When the form is submitted, it is impossible to directly add the file data that needs to be uploaded to HTTP request that is sent to the server. The web engine does not support file uploads and therefore is not prepared to process any files and their data. So what iCab Mobile needs to do is to intercept the HTTP request which the web engine is building when submitting the form and to modify the request by adding the file data somehow. Intercepting the HTTP requests from UIWebView can be done by implementing your own HTTP protocol handler using the NSURLProtocol class. All HTTP requests which are created using the standard Cocoa network layer (NSURLConnection) will be then re-routed through this HTTP protocol handler.

What iCab is doing in the HTTP protocol handler is to first check if the method for the HTTP request is “POST” and the encoding type is “multipart/form-data”. Only when this is the case, this request could be a file upload and iCab Mobile needs to do something more. Now the additional hidden “input” elements which iCab has inserted in the form for the selected files before will be used to find out if the request should include any files for the upload. These input elements do have a unique identifier within the name/value attributes, so by searching for these identifiers iCab Mobile can find out if  and which files needs to be uploaded. The information of these special hidden “input” fields is then removed from the request and replaced by the data of the selected files. This modified request is then send to the server. The server will therefore receive a properly formatted HTTP request which includes the data of the selected file and which no longer includes the data of the additional “input” elements. The server gets the same request from iCab Mobile it would have received from a desktop browser which built-in file upload support.

Limitations (how web authors can make sure the upload works in iCab Mobile)

This implementation works fine for all plain-vanilla HTML forms with one or more “file” buttons.

But submitting plain-vanilla HTML forms and uploading larger files will block the user interaction with the web page  until the upload is finished. The page can only update itself when the upload is finished.

This is not very user-friendly, especially when uploading larger files, like videos, where the web page can be blocked for a long time (this is not an issue of iCab Mobile or the iOS platform, this is a general issue of pure HTML forms and affects all browsers on all platforms in the same way).

Therefore many web pages try to improve the user experience for file uploads. The upload process itself is still blocked until it is finished, but it is moved to something that is invisible on the page (like an iframe) or which can run independently in the background (AJAX), so as long as the user does not leave the page, the upload can be done without blocking the interaction with the main page.

Also many web pages try to check if the form is filled out properly before it submits the form data to the server. This helps to avoid resubmitting forms because certain fields were filled out out wrong.

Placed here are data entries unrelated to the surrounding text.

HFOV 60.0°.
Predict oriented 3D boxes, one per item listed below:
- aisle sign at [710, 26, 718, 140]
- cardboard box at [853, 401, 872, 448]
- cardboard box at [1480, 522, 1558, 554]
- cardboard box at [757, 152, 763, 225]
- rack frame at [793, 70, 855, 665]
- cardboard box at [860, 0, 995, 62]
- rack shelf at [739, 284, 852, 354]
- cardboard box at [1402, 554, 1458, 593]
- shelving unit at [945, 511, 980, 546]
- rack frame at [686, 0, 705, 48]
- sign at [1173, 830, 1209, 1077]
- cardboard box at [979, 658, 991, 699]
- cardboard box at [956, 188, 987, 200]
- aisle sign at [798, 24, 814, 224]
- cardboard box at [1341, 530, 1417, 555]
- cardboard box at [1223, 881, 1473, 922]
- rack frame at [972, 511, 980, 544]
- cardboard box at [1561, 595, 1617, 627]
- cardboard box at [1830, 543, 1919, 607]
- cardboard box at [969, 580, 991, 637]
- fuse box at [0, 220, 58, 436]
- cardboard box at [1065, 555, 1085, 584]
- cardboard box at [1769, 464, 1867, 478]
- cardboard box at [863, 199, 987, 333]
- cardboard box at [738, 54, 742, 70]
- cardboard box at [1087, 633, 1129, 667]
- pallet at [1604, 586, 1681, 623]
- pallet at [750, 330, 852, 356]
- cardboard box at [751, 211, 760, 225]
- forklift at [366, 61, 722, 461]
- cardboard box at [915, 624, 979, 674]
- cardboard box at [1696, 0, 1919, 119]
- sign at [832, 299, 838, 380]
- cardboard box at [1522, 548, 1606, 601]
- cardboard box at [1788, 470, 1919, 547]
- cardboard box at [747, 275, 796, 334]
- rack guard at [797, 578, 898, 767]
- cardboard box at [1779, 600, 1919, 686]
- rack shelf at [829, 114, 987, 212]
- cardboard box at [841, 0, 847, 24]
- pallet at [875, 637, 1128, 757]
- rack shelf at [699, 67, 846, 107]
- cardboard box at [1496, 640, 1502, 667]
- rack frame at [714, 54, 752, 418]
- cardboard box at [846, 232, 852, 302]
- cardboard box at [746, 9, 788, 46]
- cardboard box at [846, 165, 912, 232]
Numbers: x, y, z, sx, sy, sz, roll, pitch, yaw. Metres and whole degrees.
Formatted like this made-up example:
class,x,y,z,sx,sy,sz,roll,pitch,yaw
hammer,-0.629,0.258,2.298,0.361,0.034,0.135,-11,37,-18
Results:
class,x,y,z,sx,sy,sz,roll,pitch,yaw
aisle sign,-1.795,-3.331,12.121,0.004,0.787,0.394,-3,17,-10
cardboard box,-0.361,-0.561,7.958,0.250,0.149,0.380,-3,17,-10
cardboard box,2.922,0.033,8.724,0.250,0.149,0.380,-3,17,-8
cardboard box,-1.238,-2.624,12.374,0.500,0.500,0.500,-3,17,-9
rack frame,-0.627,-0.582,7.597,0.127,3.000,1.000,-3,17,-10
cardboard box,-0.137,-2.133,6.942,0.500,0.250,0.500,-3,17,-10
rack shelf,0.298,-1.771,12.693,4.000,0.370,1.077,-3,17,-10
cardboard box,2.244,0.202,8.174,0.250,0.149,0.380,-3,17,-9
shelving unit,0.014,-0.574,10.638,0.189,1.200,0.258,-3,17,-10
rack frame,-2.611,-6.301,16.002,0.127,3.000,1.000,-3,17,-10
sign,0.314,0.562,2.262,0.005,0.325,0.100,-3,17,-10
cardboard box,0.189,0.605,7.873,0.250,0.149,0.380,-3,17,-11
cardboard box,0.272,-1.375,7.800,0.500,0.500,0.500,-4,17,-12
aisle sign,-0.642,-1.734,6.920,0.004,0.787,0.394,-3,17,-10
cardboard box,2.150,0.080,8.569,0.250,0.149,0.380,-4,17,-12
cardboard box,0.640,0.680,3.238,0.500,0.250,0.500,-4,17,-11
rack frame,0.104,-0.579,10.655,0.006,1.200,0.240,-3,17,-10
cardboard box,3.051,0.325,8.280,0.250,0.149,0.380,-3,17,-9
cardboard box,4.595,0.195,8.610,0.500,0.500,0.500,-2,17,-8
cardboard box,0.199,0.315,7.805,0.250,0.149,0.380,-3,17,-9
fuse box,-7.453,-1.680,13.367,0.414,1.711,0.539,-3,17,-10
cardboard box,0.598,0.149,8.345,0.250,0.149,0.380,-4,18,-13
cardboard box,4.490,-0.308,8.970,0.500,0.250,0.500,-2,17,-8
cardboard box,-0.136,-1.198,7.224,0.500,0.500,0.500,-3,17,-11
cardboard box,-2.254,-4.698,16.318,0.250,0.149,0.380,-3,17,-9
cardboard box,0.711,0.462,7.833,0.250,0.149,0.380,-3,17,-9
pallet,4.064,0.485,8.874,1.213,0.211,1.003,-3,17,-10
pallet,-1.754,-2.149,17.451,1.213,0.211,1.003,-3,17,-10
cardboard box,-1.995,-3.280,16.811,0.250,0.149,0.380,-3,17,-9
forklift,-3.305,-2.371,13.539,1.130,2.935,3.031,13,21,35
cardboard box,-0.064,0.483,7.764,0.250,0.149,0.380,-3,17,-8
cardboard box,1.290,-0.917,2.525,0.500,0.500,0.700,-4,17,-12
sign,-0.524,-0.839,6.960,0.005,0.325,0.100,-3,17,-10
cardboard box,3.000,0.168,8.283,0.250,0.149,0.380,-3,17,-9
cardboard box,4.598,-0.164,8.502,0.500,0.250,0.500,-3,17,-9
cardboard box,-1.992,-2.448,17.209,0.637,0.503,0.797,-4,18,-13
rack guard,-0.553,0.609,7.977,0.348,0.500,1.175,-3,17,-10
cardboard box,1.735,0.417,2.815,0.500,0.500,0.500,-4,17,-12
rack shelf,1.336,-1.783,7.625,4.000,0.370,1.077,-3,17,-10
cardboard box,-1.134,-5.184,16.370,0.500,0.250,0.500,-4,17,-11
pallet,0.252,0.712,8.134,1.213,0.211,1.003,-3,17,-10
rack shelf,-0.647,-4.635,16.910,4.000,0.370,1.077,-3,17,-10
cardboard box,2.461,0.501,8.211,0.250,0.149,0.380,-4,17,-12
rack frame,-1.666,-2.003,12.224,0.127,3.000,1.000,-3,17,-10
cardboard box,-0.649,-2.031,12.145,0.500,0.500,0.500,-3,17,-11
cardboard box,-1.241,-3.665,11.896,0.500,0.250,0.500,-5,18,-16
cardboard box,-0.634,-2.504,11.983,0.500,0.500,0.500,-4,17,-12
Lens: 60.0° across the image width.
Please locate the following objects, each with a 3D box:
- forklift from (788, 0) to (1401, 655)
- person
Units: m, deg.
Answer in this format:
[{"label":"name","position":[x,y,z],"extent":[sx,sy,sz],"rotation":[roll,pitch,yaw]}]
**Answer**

In principle, this all can still work in iCab Mobile, and in many cases it also does work fine. But this can also fail, depending of how the web pages do the redirection of the form submission, or how the page is checking the form.

Here are the known limitations

Some web pages are using the “file reader” API to check meta data for the file (file sizes, file types etc), or read the file data. This won’t work on the iOS platform at the moment. Also the “file” input element has attributes like “file” or “files” to access meta data of the selected files, these attributes are also not accessible (their value is “null”). All this is related to the fact the the web engine does not support file uploads and therefore won’t need these file related features. So when a web page detects that it runs on the iOS platform, it should not rely on the “file reader” API or the “file”/”files” attributes. But is still possible to check the “value” of the (former “file”) push button to get the file name of the selected file, for example to check if the file has the expected file extension.

Another issue is that iCab has to convert the “file” buttons into push buttons to make them work. So web pages which look for “input” element of type “file” to check if a file is selected will fail. But if they look for the “name” or “id” of these former “file” input elements, the input elements can be found and everything can work just fine. This is because these input elements keep their name and id and also all other attributes, only their “type” attribute has changed.

If a web page accesses certain “input” elements by static index, it can fail. This is because iCab has to add additional “input” elements for selected files.

Also invalid HTML code can cause problems, especially when nesting form/input elements within table/tr/td elements where these elements are not allowed. This is because the browser has to correct this invalid nesting when it renders the code and creates a valid HTML/DOM tree. And for wrong nesting within tables, almost all browsers just move the wrongly placed element in front of the table. So for the invalid code like this…


the browser would create this valid HTML/DOM tree…


As you can see, the form element is now no longer a (grand-)parent of the input element, which means the relationship between input and form element is gone. Normally this is not a big deal, because while rendering the code, the browser keeps a reference to the last form element and therefore can link the input elements to its form element. But if iCab needs to add these special hidden input elements for the selected files,  the rendering is already finished, and so the web engine can’t link the new input element to the right form element anymore. This means when submitting the form, these special hidden input elements won’t be included. iCab tries to find the correct form element for these input elements manually, which works fine in many cases, especially if there’s only one form on the page, but it can fail if there are multiple forms. So as a web author please make sure that you write valid HTML code to avoid problems.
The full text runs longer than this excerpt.